Brenda Lucki, the first female commissioner of the RCMP, vows to leave 'no stone unturned' in her fight against on bullying and sexism in the force.

Michael Bell/The Canadian Press

As of late Friday, there were more than 2,550 registered plaintiffs in the class-action settlement signed with women who were sexually harassed while working for the RCMP over the past 40 years. Many hundreds more are expected to sign on before the May deadline.

Sometimes female Mounties have made allegations that go far beyond bullying and intimidation.

Two separate investigations are under way – one in Halifax and one in Toronto – into allegations that doctors sexually assaulted RCMP officers and recruits. The total number of complainants in those two cases has topped 130.

The government recently appointed Brenda Lucki to the force’s top job, the first permanent female commissioner. Prime Minister Justin Trudeau says it is part of her mandate to promote gender equality in the force.

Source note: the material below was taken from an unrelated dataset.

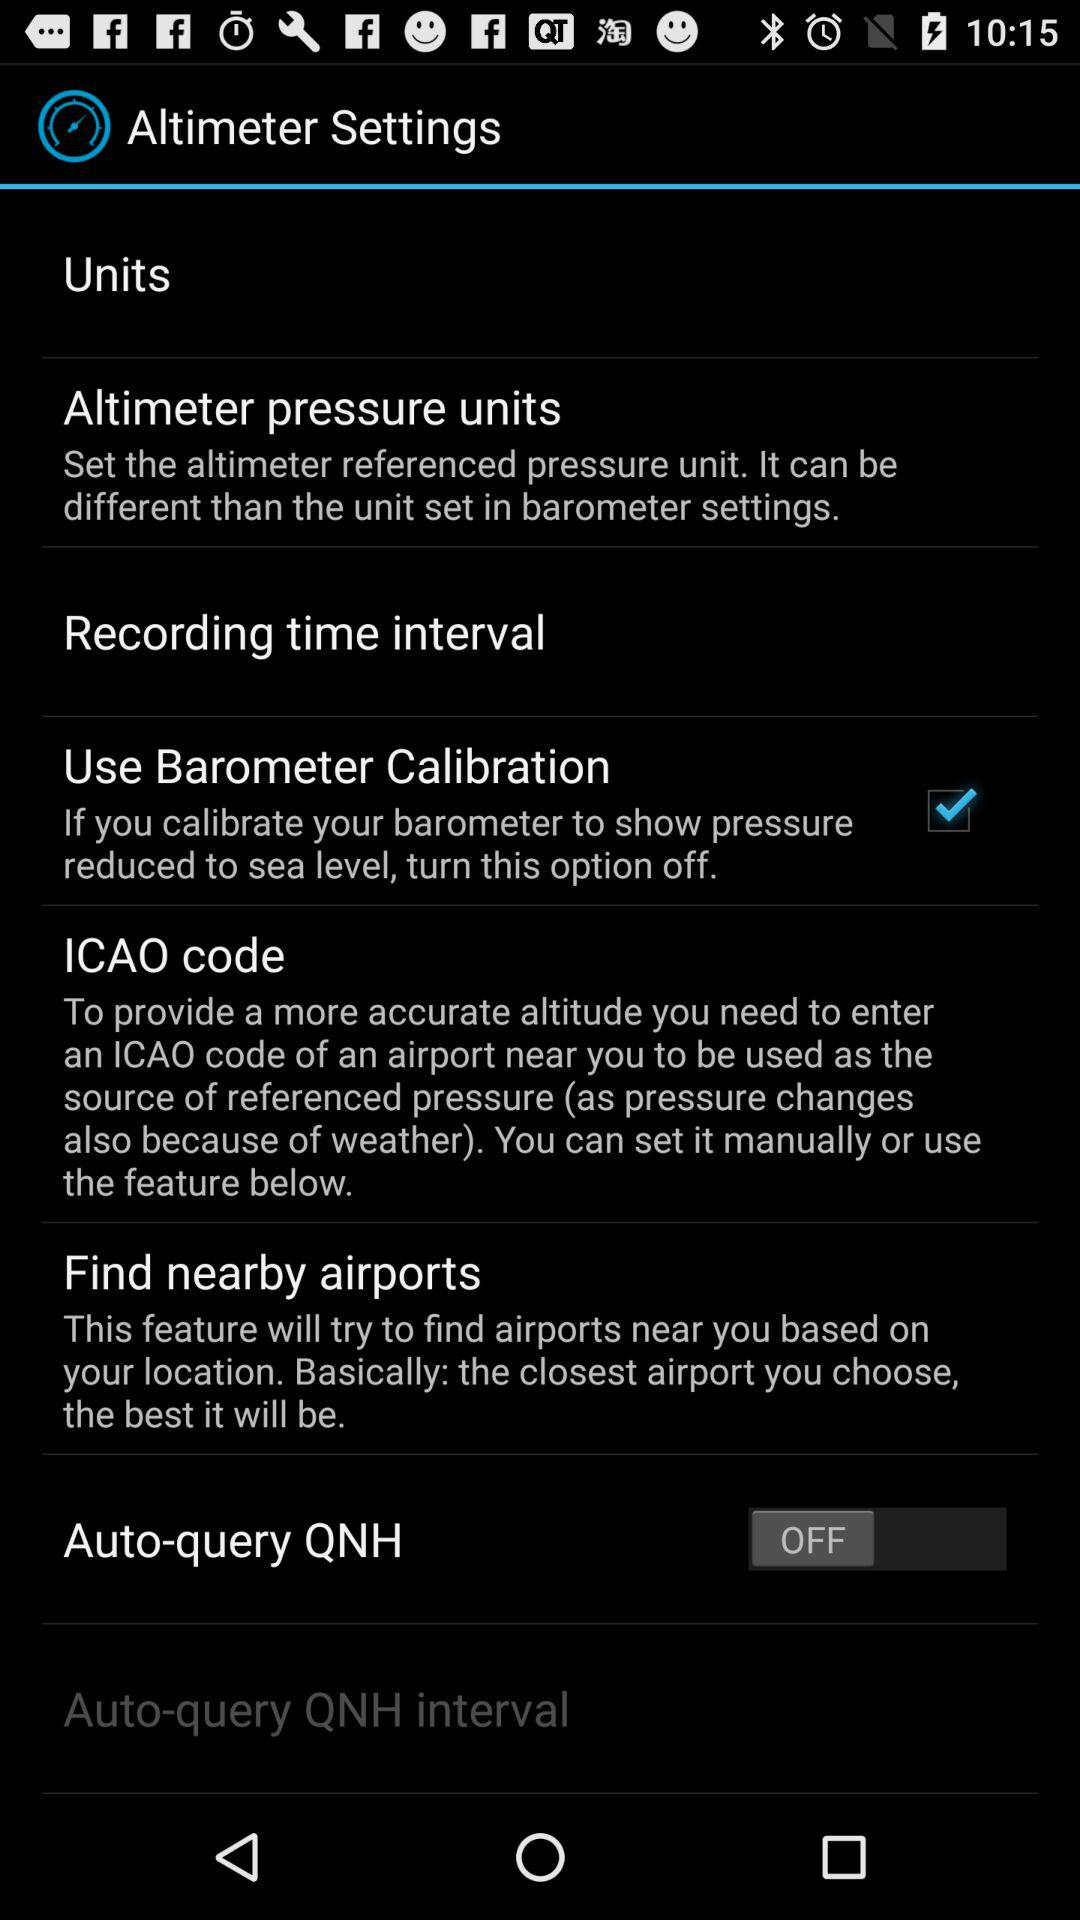What option is checked marked? The option that is checked marked is "Use Barometer Calibration".

But the RCMP Civilian Review and Complaints Commission (CRCC) said in a report released last year that the Mounties have struggled with the problem of sexual harassment for decades and concluded that the force lacked the will and the capacity to make changes.

Noting the appointment of Commissioner Lucki, the CRCC said in an e-mail this week that it will “continue to monitor how the RCMP addresses these long-standing issues.”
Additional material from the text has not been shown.